Source records:

※

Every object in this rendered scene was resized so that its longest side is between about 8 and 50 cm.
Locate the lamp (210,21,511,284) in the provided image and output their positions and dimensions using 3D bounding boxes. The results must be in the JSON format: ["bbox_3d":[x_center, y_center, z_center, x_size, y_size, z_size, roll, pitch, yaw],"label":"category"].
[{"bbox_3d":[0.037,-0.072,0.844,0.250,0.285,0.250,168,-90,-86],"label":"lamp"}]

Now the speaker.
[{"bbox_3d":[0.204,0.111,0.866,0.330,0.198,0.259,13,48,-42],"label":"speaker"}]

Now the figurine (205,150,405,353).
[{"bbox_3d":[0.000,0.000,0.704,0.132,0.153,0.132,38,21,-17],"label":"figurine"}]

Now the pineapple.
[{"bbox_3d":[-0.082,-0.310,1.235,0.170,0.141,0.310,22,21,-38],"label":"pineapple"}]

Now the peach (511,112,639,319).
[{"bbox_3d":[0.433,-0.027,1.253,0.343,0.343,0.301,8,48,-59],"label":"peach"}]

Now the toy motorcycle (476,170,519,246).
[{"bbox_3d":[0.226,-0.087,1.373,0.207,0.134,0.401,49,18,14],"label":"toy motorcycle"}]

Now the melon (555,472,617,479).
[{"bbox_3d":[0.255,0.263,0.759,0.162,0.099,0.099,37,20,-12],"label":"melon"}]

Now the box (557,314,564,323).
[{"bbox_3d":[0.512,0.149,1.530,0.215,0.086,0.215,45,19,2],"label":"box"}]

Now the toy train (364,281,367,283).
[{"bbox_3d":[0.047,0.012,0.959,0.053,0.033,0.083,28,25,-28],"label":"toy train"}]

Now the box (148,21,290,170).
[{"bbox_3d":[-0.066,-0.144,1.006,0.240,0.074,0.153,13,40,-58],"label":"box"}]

※

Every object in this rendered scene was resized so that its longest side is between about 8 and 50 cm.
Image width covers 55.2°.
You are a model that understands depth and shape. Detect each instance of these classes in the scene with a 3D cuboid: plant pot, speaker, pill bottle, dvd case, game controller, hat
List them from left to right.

※

Aim of the exercise:
Everything starting at the line containing "You are a model" and ending at the line containing "List them from left to right." in the records above should be repeated exactly, and only that.

Response for this exercise:
You are a model that understands depth and shape. Detect each instance of these classes in the scene with a 3D cuboid: plant pot, speaker, pill bottle, dvd case, game controller, hat
List them from left to right.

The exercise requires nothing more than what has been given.